8-4.水都
午後の光を取り込んだ廊下は、書斎へと続く。
驚いたり不満げだったり、コロコロと変わるリビエラの声色。
意外にも私は、最後の言葉に心を揺さぶられた。
『もしかしてこの仕事、カノジョの依頼?』
すぐに浮かんだのは、ハルが嫌いな素材屋の女主人、ヘカテ。
リビエラにとっては、気心の知れた古い友達。だけど、あんなよそよそしい三人称をリビエラはヘカテに使わない。

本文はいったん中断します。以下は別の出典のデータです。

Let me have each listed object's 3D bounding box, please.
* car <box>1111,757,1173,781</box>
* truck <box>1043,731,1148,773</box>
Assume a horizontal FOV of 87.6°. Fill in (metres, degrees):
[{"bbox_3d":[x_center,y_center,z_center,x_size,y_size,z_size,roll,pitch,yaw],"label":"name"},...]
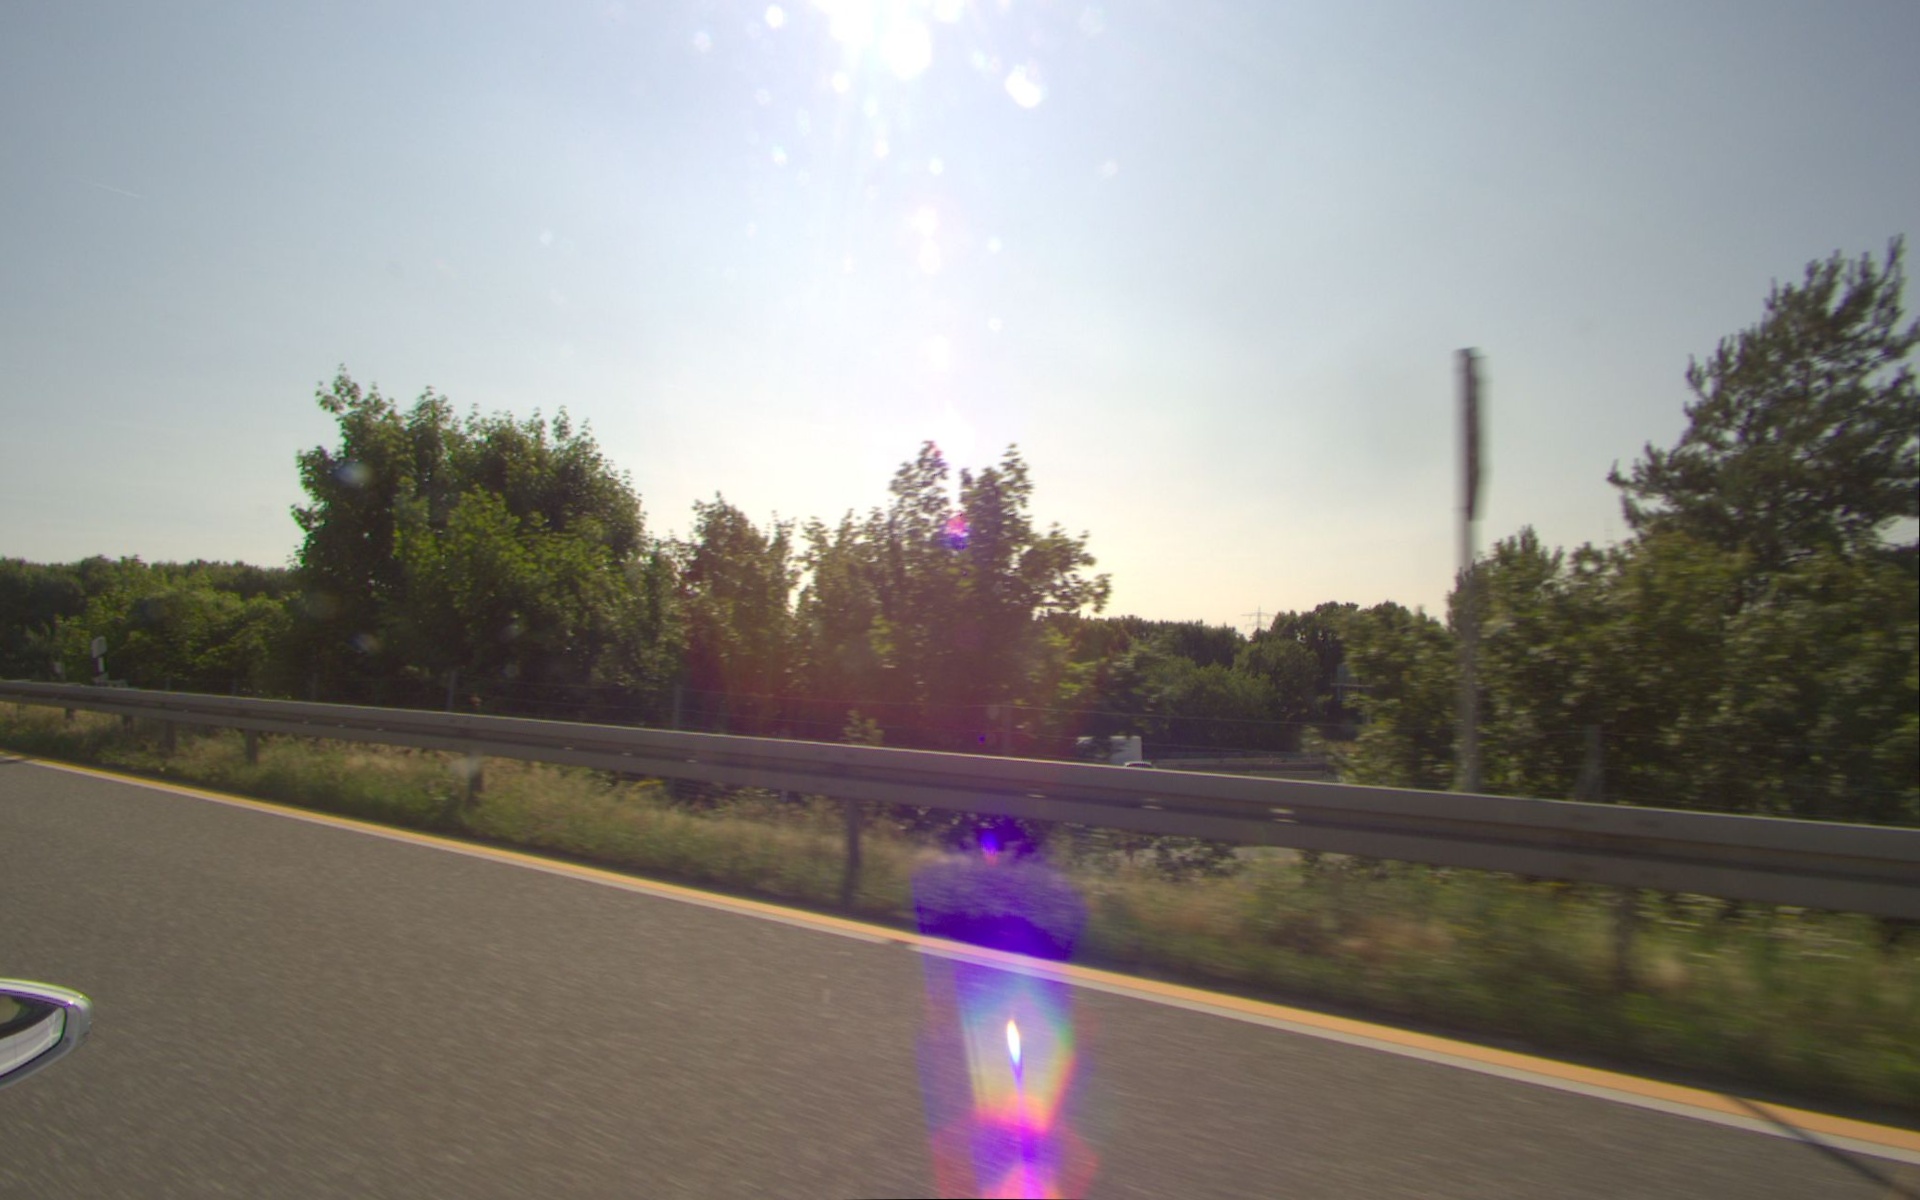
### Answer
[{"bbox_3d":[12.994,12.100,71.620,3.923,1.416,2.000,1,-1,-5],"label":"car"},{"bbox_3d":[9.976,11.184,74.091,7.435,2.827,2.000,1,-1,-6],"label":"truck"}]

だから、「カノジョ」はハルとリビエラが知っている共通の、私の知らない人。
新たな登場人物。
「カノジョって、誰?」
私は、二人に向かって直球の質問を投げた。
半歩前を歩くハルと、隣を歩くリビエラを交互に見る。
不自然な沈黙が流れる中、先に痺れを切らしたのはリビエラだった。
「一緒に仕事をするんだ、ララは知る権利があるよ?ハル。」
「知らなくとも、オレは支障ないと思うが。」
「私は知りたい。
目の前で二人しか知らない会話をされるのは、不愉快よ。
私には、この仕事を断る権利もあるよね?」
私は、不満をあらわにした。
疎外感を感じたのは、言葉通り本当に本当。だけど心のどこかで、カノジョを隠そうとするハルの態度が気に喰わなかった。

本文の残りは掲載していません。